Allahü teâlâ, kötülerden dinsizlerden razı olmaz. Razı olmadıklarını Cehenneme, razı olduklarını da Cennete koyacaktır. Kur'an-ı kerimde, Eshab-ı kiram için mealen buyuruluyor ki:
(Allah, onlardan razıdır, onlar da Allah’tan razıdır. İşte bu, en büyük kurtuluş ve saadettir.) [Maide 119]
Bu âyet-i kerimenin (Vesit) tefsirindeki açıklaması şöyle:
Allahü teâlâ, onlardan taat ve ibadetleri ile razıdır. Onlar da, verilen sevap bakımından Allahü teâlâdan razıdır.
Hasan-ı Basri hazretleri de bu âyet-i kerimedeki (en büyük kurtuluş)un, Cehennemden kurtuluş, (en büyük saadet)in ise Cennete kavuşmak olduğunu bildirmektedir. (Riyad-ün nasıhin)
Kavmi, Musa aleyhisselama, (Allahü teâlâdan öğren, neden razı ise, onu yapalım) dedi.
Vahiy geldi. Allahü teâlâ buyurdu ki:
(Kaza ve kaderime rıza gösterirseniz, sizden razı olurum. Benim rızam, sizin rızanıza bağlıdır. Benden razı olursanız, sizden razı olurum.)
Bir hadis-i şerifte buyuruldu ki:
(Allahü teâlâ buyuruyor ki, benim kaza ve kaderime razı olandan razı olurum. Razı olmayandan razı olmam ve ona gazap ederim.)
Allahü teâlâ hadis-i kudside buyuruyor ki:
(Kaza ve kaderime razı olmayan, beğenmeyen ve gönderdiğim belalara sabretmeyen, benden başka Rab arasın! Yer yüzünde kulum olarak bulunmasın!) [Taberani]
Allahü teâlâ, kaza ve kaderine rıza gösteren ve mümin olarak öleceğini bildiği kulundan razı olur; nimetine şükretmeyen, belasına sabretmeyen ve münkir olarak öleceğini bildiği kulundan razı olmaz.

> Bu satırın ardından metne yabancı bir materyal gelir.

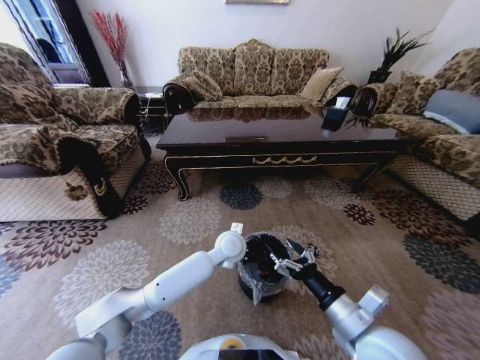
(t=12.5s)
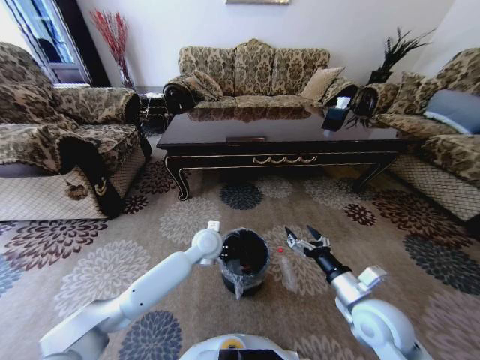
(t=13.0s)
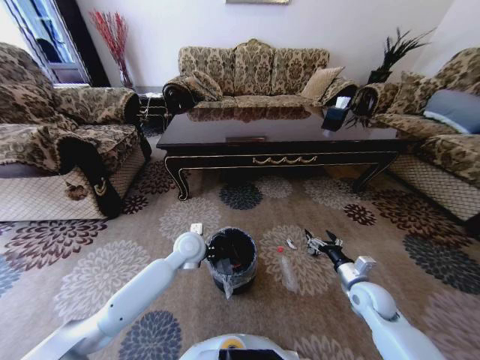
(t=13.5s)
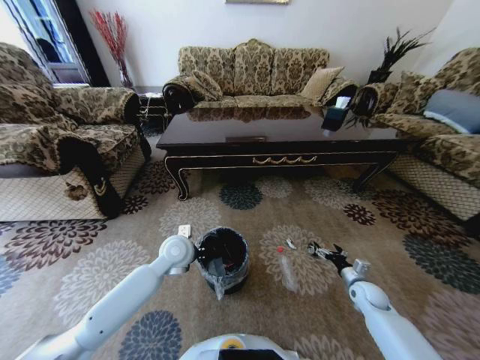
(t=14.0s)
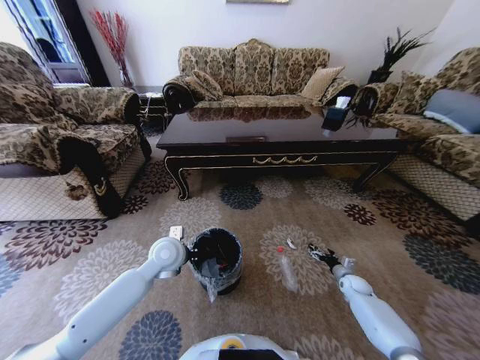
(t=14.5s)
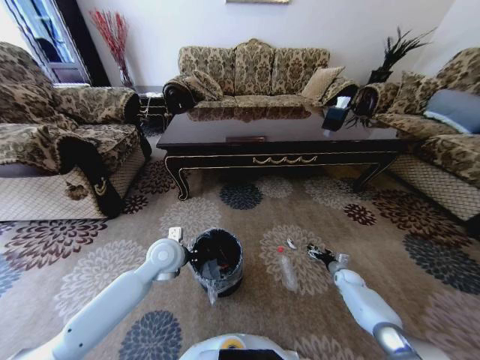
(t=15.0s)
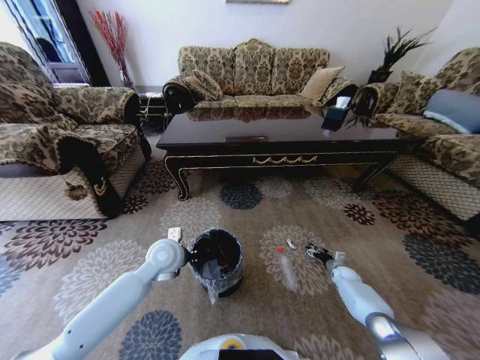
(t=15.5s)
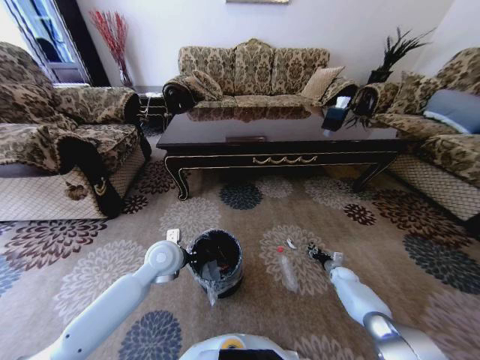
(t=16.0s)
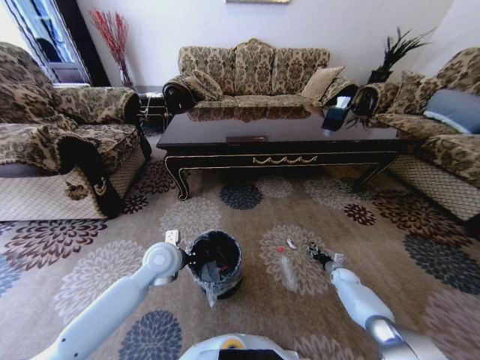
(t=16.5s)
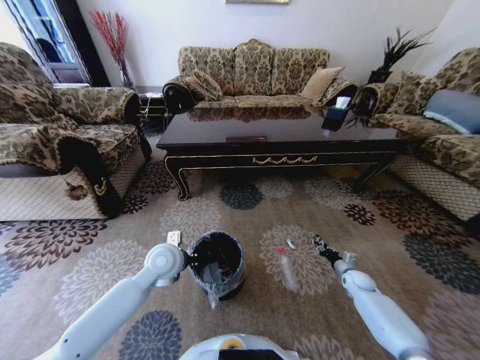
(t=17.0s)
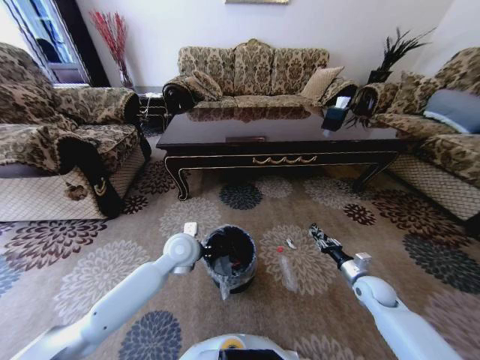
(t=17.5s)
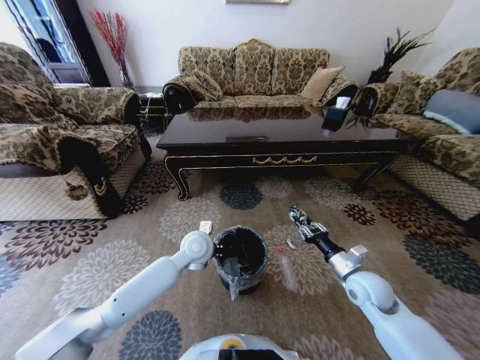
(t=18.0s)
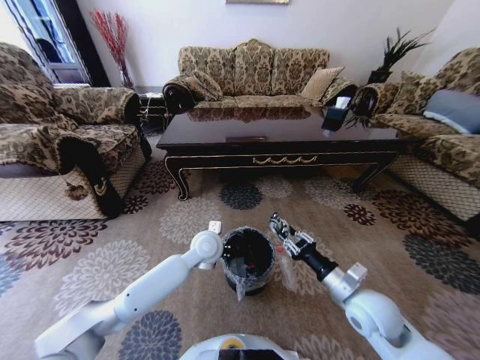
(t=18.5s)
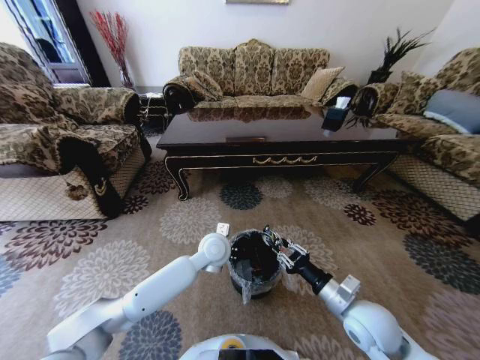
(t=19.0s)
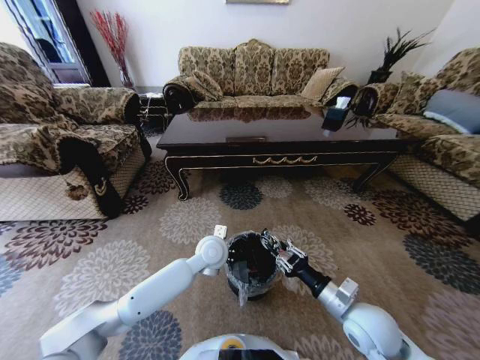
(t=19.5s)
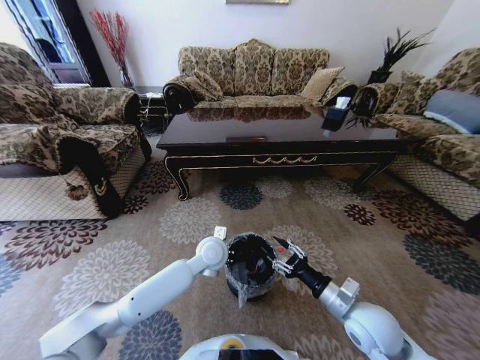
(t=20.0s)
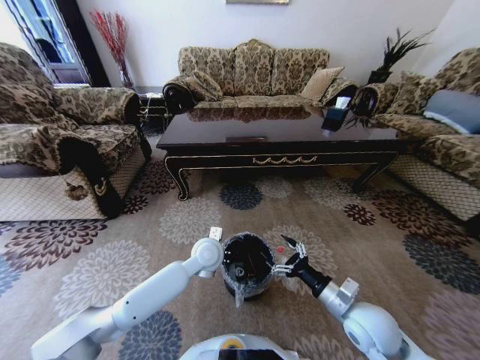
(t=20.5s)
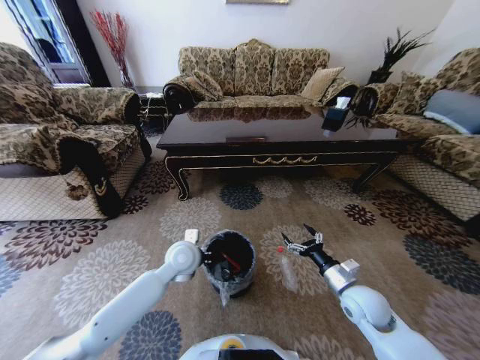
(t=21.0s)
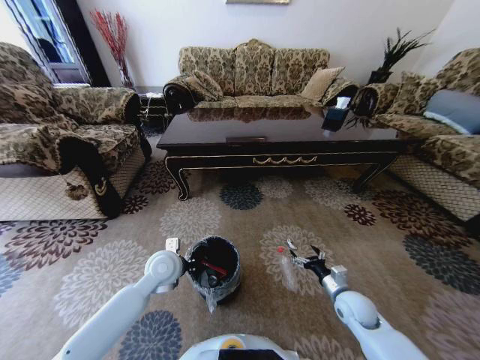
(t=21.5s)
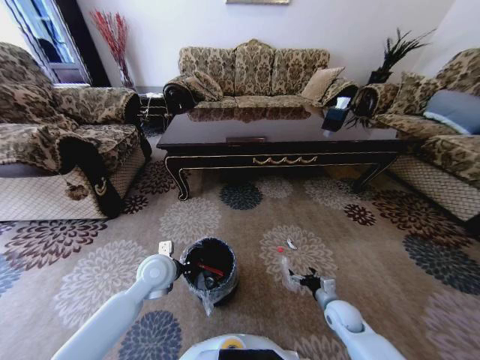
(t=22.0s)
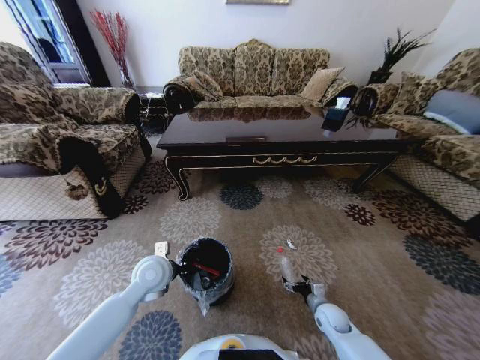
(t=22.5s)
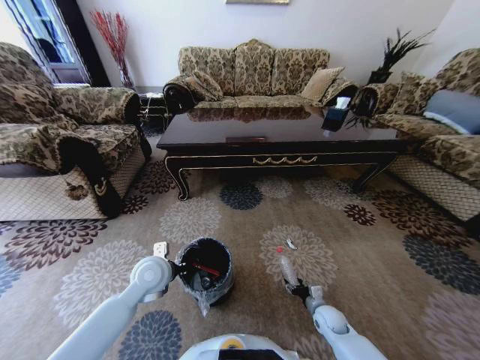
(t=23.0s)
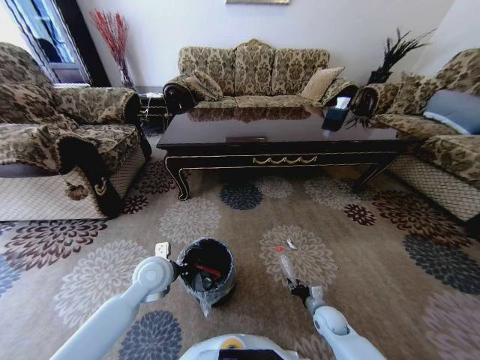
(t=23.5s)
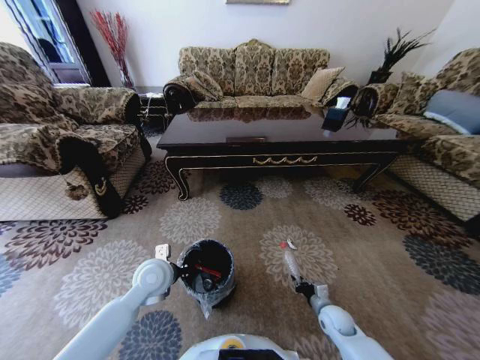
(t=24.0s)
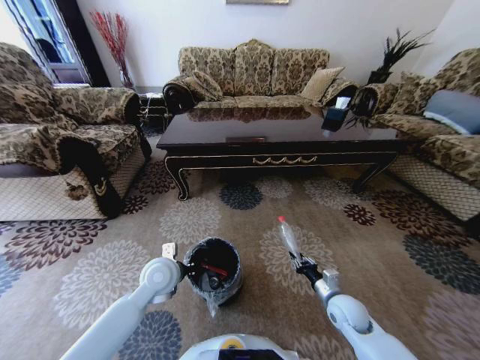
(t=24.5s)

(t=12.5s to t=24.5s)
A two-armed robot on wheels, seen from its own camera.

Şu halde hayır ve şerrin Allahü teâlâdan olduğunu bilip nimetlerine şükreden, belalarına sabreden kimse, cenab-ı Hakkın rızasına kavuşur.
Musa aleyhisselam, Hak teâlâya sual etti:
- Ya Rabbi, Âdem aleyhisselamı yaratıp sayısız nimetler verdin. O bunlara karşı nasıl şükretti?
Allahü teâlâ buyurdu ki:
- Bütün nimetleri benden bilmekle...
İnsan iyi bir iş yaparsa, (bunu ben yaptım), dememeli, Allahü teâlânın yardımını, ihsanını unutmamalıdır.
Bir kimseye (Allah razı olsun) demek, (bulunduğun halden Allah razı olsun) demek değildir. (Allahü teâlâ seni razı olduğu yola getirsin) demektir. (Mektubat-ı Rabbani, Risale-i Kuşeyriyye)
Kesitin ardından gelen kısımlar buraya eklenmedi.